WHAT TO PRODUCE >>
Go through the records and show each line where the word "width" occurs.

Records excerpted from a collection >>

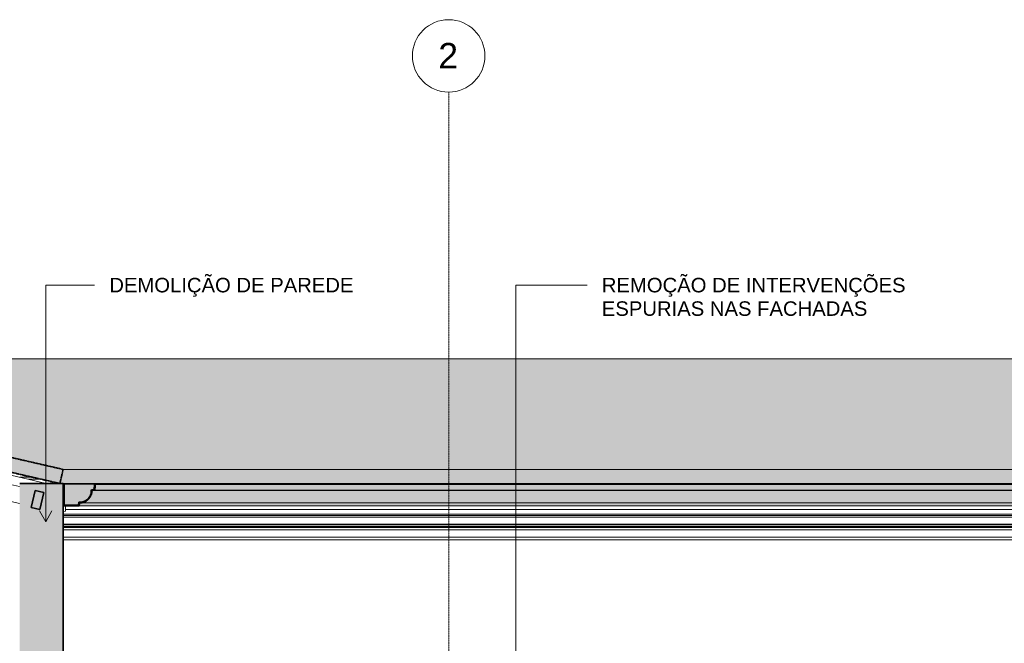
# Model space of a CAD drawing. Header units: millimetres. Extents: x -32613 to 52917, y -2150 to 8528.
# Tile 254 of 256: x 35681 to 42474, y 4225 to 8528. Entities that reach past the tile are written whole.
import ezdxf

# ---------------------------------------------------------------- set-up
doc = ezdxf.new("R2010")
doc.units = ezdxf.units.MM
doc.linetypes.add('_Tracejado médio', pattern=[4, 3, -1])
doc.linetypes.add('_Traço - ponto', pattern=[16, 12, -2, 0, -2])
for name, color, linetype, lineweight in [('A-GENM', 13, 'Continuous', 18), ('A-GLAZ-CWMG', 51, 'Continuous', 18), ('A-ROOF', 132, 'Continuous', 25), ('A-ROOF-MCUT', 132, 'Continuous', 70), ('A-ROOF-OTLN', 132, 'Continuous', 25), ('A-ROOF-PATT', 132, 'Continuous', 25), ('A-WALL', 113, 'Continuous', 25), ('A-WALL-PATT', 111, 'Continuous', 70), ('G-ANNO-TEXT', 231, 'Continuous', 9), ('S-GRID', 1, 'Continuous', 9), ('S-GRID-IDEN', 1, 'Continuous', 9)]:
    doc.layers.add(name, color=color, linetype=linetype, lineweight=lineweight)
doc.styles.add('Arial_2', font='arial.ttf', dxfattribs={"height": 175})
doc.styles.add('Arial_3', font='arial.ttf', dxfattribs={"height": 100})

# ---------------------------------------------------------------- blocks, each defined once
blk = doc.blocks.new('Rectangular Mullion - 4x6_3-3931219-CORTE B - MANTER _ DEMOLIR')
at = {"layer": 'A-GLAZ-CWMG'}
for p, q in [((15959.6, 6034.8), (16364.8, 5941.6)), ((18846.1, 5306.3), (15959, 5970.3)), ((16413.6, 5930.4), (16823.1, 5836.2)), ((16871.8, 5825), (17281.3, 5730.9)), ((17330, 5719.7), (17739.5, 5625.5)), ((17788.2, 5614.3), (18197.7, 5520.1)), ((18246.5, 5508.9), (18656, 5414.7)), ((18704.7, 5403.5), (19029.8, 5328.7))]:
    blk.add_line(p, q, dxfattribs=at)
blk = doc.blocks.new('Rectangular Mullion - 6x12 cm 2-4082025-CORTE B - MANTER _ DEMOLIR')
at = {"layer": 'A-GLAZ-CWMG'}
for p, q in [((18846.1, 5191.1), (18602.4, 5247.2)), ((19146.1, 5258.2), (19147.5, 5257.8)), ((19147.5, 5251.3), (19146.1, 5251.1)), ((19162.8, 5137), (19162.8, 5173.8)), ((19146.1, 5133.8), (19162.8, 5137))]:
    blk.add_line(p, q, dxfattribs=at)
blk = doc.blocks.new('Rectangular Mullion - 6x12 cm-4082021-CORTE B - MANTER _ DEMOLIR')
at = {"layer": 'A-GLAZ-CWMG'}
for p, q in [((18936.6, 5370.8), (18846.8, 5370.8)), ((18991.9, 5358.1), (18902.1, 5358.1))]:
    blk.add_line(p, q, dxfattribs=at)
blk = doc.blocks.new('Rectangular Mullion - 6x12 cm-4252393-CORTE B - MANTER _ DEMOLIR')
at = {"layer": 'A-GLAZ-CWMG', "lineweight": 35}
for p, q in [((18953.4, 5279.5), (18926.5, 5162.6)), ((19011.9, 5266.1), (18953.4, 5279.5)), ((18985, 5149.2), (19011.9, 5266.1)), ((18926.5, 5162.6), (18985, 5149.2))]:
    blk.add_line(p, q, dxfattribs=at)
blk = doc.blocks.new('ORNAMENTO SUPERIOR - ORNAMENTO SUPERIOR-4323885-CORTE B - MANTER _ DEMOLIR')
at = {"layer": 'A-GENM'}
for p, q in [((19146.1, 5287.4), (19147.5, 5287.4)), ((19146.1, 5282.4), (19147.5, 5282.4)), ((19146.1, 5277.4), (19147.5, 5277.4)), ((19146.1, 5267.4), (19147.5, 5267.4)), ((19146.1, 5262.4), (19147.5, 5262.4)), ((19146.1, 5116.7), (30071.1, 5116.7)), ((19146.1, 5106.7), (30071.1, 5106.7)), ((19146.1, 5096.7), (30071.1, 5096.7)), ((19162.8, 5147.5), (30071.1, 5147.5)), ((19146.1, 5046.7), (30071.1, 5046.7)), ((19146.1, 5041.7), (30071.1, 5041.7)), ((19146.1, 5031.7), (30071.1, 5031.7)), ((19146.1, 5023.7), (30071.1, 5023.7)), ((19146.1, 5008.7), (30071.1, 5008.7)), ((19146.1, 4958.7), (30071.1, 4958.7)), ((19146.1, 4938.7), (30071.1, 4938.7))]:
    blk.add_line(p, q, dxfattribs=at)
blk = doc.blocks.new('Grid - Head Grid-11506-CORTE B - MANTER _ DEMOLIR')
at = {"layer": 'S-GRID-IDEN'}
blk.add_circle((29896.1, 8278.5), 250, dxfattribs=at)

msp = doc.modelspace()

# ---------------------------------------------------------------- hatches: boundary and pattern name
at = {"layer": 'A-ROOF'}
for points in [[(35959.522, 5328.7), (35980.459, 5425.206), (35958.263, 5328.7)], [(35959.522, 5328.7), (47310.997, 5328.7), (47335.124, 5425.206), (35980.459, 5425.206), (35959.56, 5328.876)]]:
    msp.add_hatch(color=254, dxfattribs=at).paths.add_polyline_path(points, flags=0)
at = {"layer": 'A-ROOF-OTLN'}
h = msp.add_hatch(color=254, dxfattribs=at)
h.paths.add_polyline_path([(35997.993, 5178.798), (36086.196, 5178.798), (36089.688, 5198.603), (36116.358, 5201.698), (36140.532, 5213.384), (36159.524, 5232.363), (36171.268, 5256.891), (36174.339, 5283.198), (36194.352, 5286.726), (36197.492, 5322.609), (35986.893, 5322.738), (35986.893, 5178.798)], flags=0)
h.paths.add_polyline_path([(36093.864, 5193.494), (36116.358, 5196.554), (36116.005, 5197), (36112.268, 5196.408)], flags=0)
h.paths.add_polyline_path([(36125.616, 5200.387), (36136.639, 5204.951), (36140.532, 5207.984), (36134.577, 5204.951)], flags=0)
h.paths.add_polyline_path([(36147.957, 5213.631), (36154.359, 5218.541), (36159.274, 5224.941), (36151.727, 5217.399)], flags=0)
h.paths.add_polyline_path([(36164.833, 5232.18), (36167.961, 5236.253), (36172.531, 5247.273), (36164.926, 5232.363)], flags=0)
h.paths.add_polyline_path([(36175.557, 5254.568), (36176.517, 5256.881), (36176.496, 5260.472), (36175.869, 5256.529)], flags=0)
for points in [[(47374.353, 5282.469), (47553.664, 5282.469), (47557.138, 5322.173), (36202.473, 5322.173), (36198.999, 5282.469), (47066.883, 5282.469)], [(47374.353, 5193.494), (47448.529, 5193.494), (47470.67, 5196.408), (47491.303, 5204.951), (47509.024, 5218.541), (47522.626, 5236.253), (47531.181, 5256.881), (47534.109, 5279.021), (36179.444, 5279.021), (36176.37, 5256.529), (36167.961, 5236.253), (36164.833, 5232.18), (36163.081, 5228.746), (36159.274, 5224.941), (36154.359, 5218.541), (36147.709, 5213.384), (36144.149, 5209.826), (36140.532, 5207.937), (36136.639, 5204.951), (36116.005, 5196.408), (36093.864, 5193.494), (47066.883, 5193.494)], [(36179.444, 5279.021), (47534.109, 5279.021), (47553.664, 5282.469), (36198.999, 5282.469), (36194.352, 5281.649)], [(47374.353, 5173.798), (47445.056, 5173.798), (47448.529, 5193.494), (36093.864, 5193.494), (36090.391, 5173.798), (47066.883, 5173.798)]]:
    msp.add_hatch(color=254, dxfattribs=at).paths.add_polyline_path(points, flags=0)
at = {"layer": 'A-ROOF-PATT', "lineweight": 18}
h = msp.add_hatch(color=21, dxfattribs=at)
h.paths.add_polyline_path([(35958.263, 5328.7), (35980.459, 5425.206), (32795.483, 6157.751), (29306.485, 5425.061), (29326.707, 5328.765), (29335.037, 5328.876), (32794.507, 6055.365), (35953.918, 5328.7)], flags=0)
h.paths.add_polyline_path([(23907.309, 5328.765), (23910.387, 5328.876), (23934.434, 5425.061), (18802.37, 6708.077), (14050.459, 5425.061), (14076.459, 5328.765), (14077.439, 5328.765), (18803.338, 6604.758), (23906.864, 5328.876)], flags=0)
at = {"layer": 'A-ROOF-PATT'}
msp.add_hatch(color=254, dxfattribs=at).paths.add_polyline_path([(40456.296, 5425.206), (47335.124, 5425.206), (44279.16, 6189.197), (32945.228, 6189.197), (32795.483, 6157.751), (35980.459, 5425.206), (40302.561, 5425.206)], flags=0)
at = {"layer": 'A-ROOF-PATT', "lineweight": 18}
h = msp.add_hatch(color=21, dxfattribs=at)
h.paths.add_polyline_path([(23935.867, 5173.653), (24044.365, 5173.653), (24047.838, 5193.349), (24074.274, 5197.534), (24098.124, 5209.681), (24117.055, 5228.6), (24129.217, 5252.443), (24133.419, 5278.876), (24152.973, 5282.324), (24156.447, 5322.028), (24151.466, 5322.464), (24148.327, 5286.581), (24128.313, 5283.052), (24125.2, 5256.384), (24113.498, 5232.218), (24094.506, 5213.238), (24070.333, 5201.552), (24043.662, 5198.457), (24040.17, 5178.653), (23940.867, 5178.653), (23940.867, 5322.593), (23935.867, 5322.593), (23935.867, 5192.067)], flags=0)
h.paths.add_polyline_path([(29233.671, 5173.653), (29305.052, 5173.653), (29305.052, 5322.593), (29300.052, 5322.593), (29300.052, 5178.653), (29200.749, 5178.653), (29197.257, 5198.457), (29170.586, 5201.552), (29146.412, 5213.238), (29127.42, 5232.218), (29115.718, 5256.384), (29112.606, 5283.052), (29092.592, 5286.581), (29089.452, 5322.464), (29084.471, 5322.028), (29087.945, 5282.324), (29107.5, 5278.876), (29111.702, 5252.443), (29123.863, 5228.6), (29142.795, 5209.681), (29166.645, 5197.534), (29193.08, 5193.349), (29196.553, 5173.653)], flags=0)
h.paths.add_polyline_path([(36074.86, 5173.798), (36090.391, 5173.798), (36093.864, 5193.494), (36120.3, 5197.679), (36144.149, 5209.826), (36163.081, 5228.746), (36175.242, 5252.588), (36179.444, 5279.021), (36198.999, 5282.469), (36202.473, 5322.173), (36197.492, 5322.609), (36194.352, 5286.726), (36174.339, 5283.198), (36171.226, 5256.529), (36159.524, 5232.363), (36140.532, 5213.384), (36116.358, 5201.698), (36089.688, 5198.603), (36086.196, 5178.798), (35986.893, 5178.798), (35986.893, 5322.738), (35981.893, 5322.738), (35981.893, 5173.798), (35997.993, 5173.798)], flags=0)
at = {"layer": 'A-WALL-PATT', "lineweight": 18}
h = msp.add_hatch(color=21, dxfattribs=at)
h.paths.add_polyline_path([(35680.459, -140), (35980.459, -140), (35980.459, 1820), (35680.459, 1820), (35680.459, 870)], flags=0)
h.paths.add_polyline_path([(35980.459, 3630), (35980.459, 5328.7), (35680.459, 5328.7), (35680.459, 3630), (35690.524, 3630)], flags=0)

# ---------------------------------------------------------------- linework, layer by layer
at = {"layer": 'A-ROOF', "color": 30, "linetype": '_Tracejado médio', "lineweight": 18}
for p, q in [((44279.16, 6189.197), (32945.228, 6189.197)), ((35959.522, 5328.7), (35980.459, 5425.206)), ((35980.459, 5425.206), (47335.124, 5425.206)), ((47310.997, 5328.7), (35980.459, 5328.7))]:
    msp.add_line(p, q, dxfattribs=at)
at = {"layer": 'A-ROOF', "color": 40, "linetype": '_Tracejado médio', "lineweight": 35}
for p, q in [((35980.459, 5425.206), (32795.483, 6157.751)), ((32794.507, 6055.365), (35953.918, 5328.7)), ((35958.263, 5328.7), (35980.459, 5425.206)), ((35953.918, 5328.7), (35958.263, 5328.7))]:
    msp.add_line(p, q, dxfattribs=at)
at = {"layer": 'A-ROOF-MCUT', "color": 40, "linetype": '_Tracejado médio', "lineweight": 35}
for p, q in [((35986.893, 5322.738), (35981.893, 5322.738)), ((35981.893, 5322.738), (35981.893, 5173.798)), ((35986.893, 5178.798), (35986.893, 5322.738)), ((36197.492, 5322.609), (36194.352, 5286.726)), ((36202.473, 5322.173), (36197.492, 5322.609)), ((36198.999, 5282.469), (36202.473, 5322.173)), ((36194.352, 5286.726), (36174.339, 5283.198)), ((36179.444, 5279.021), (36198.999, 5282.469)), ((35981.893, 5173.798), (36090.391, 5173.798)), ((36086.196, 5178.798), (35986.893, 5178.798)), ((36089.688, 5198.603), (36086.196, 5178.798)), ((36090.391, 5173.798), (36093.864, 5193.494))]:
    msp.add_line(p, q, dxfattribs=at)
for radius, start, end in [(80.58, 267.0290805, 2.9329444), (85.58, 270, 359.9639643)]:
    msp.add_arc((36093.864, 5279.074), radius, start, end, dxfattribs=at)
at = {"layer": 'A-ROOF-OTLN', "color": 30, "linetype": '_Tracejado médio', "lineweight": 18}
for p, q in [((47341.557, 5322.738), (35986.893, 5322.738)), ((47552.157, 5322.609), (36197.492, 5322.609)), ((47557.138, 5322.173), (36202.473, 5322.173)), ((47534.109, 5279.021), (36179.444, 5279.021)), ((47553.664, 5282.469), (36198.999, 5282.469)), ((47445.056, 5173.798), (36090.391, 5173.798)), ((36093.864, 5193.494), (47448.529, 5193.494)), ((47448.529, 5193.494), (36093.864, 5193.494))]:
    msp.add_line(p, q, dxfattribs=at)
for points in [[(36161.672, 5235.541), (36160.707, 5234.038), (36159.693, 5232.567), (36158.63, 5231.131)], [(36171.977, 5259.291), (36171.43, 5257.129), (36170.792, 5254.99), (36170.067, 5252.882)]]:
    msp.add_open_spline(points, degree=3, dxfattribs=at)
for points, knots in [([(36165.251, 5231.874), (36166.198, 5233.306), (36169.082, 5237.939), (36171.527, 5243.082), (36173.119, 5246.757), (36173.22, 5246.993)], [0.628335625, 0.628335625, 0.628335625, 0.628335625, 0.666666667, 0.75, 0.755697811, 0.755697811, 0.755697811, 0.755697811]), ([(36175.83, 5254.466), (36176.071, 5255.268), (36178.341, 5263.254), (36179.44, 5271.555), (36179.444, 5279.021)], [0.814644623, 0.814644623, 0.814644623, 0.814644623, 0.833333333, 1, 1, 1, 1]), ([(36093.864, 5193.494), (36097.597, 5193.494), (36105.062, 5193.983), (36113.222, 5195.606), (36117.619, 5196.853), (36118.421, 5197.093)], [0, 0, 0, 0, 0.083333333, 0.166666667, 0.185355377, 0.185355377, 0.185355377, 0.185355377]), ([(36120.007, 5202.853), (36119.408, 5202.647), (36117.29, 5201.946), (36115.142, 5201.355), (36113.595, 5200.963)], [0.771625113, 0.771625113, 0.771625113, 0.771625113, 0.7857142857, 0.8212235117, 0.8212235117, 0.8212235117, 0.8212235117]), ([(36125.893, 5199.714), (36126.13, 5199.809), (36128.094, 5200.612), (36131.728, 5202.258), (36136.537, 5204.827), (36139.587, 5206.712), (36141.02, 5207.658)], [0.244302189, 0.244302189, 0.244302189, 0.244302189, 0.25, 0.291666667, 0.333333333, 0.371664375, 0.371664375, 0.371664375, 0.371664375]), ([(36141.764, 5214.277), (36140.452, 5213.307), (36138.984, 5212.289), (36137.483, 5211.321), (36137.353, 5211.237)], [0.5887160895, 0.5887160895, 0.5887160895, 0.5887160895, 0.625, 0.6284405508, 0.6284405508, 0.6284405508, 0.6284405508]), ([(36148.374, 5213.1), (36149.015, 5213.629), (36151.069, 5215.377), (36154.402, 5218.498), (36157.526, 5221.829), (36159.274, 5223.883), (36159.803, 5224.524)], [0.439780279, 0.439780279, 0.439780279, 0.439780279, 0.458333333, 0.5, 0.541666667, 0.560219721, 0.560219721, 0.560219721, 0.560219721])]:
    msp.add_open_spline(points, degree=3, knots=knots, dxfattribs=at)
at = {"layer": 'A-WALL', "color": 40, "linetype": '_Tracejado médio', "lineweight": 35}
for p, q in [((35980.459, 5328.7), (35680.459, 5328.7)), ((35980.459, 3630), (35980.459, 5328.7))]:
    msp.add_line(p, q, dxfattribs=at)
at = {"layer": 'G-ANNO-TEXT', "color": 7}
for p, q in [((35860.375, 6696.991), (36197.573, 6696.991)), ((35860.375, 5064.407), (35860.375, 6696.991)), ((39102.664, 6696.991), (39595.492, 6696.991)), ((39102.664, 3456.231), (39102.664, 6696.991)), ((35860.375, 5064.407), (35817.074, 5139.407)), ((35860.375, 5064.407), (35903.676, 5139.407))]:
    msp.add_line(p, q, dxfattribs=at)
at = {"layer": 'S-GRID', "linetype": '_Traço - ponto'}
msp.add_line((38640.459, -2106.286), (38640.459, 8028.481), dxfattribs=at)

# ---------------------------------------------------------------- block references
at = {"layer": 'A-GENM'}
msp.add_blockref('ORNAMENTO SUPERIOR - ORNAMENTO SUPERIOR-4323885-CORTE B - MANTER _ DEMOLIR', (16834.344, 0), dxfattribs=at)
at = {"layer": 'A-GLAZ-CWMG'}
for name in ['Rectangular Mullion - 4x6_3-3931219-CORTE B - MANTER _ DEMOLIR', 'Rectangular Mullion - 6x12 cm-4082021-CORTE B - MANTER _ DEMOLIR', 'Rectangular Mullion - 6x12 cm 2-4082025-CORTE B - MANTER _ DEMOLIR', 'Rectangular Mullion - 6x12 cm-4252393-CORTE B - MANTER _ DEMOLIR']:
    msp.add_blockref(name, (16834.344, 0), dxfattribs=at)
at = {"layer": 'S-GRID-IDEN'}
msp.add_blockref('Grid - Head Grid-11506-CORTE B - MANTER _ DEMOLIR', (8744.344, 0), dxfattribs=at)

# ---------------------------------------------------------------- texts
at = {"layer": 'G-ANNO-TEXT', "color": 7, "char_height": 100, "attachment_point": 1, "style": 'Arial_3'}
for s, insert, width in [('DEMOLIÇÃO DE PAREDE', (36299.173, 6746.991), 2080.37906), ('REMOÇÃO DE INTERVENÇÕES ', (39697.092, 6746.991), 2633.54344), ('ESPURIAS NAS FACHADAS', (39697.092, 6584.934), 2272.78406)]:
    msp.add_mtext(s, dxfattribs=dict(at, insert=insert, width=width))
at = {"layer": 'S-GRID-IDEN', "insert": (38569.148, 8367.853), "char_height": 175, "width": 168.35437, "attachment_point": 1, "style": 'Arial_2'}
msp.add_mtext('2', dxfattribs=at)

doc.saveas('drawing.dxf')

TASK SOLUTION >>
for s, insert, width in [('DEMOLIÇÃO DE PAREDE', (36299.173, 6746.991), 2080.37906), ('REMOÇÃO DE INTERVENÇÕES ', (39697.092, 6746.991), 2633.54344), ('ESPURIAS NAS FACHADAS', (39697.092, 6584.934), 2272.78406)]:
    msp.add_mtext(s, dxfattribs=dict(at, insert=insert, width=width))
at = {"layer": 'S-GRID-IDEN', "insert": (38569.148, 8367.853), "char_height": 175, "width": 168.35437, "attachment_point": 1, "style": 'Arial_2'}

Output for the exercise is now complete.